_GIVEN ENTRIES_
----------
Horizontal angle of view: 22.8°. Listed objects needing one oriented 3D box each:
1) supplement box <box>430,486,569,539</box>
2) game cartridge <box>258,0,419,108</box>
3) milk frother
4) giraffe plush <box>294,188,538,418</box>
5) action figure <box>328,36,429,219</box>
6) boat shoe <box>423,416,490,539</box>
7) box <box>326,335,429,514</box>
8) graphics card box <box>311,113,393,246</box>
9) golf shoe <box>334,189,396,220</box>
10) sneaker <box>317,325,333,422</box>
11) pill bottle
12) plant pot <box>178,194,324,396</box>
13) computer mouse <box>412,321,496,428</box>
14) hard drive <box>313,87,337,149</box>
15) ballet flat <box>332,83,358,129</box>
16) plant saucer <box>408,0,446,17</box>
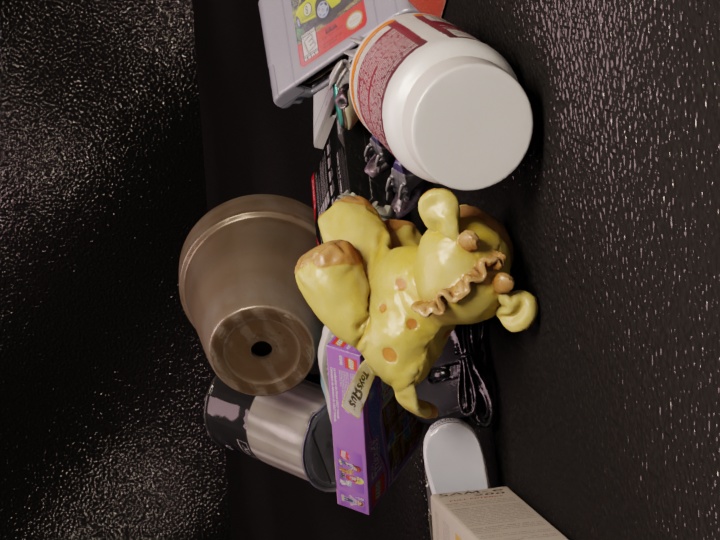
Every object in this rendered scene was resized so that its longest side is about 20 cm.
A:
[{"bbox_3d":[0.116,0.259,1.429,0.200,0.073,0.128,-147,52,-76],"label":"supplement box"},{"bbox_3d":[-0.022,-0.258,1.722,0.199,0.041,0.134,-30,56,38],"label":"game cartridge"},{"bbox_3d":[-0.051,0.148,2.126,0.187,0.180,0.202,16,85,44],"label":"milk frother"},{"bbox_3d":[0.057,0.006,1.445,0.162,0.172,0.201,-38,34,36],"label":"giraffe plush"},{"bbox_3d":[0.033,-0.138,1.639,0.130,0.069,0.201,44,161,24],"label":"action figure"},{"bbox_3d":[0.089,0.225,1.564,0.066,0.069,0.202,-86,-17,-84],"label":"boat shoe"},{"bbox_3d":[0.020,0.114,1.713,0.137,0.039,0.202,-49,-34,-44],"label":"box"},{"bbox_3d":[-0.010,-0.078,1.882,0.200,0.050,0.127,115,151,-68],"label":"graphics card box"},{"bbox_3d":[0.000,0.000,1.739,0.200,0.078,0.098,54,-125,-66],"label":"golf shoe"},{"bbox_3d":[-0.019,0.087,1.942,0.201,0.073,0.082,96,160,-44],"label":"sneaker"},{"bbox_3d":[0.063,-0.133,1.412,0.200,0.113,0.115,-125,31,-70],"label":"pill bottle"},{"bbox_3d":[-0.109,0.045,1.984,0.174,0.198,0.202,-93,4,-59],"label":"plant pot"},{"bbox_3d":[0.072,0.091,1.637,0.200,0.052,0.140,122,141,-73],"label":"computer mouse"},{"bbox_3d":[-0.025,-0.250,1.922,0.132,0.026,0.202,115,159,-53],"label":"hard drive"},{"bbox_3d":[-0.010,-0.239,1.781,0.070,0.069,0.202,113,146,-68],"label":"ballet flat"},{"bbox_3d":[0.051,-0.353,1.577,0.200,0.036,0.201,107,156,-61],"label":"plant saucer"}]
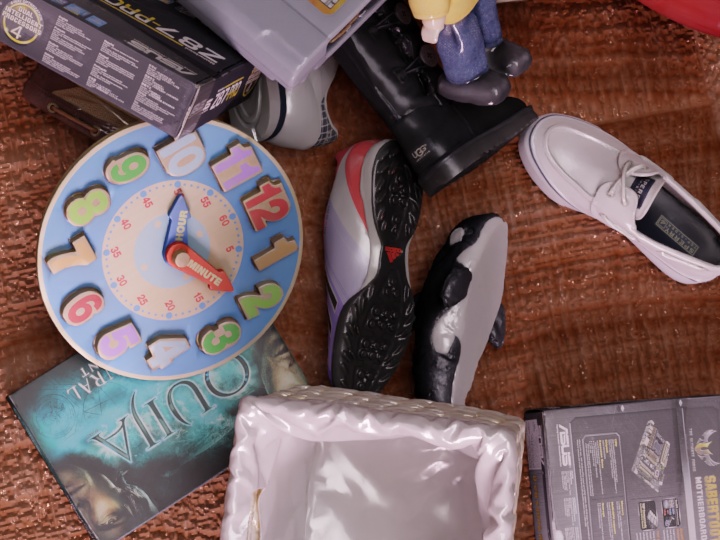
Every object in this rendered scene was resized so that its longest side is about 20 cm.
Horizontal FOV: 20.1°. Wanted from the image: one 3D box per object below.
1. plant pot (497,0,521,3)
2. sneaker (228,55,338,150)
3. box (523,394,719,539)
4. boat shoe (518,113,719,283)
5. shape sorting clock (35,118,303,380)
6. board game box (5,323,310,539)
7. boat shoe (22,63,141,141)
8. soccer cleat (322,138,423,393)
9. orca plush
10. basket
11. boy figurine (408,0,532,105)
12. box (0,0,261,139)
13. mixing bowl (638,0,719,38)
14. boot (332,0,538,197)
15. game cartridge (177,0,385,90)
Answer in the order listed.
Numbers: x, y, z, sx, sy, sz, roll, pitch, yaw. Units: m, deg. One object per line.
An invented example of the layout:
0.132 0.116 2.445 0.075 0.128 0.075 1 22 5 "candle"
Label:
0.118 -0.297 1.563 0.199 0.200 0.179 -11 97 -16 "plant pot"
-0.059 -0.192 1.561 0.080 0.076 0.202 3 83 -33 "sneaker"
0.216 0.202 1.596 0.157 0.048 0.202 -4 85 -16 "box"
0.218 -0.063 1.617 0.199 0.065 0.074 31 77 -10 "boat shoe"
-0.135 -0.014 1.466 0.199 0.039 0.202 -8 110 -22 "shape sorting clock"
-0.145 0.098 1.519 0.199 0.028 0.136 -33 92 -16 "board game box"
-0.163 -0.095 1.524 0.199 0.072 0.072 35 106 -20 "boat shoe"
0.000 0.000 1.552 0.068 0.073 0.202 10 86 -39 "soccer cleat"
0.061 0.052 1.578 0.105 0.071 0.202 2 94 -60 "orca plush"
0.015 0.187 1.438 0.198 0.161 0.200 7 95 12 "basket"
0.075 -0.220 1.437 0.064 0.201 0.124 17 48 29 "boy figurine"
-0.180 -0.171 1.449 0.199 0.161 0.049 29 112 7 "box"
0.254 -0.279 1.590 0.107 0.200 0.202 1 83 -7 "mixing bowl"
0.040 -0.168 1.554 0.201 0.066 0.165 53 30 2 "boot"
-0.033 -0.237 1.465 0.133 0.042 0.200 41 71 7 "game cartridge"
----------
_TASK PROMPT_
Every line containing the word "Horizontal" should be copied from the material.

_RESULT BELOW_
Horizontal angle of view: 22.8°. Listed objects needing one oriented 3D box each:
Horizontal FOV: 20.1°. Wanted from the image: one 3D box per object below.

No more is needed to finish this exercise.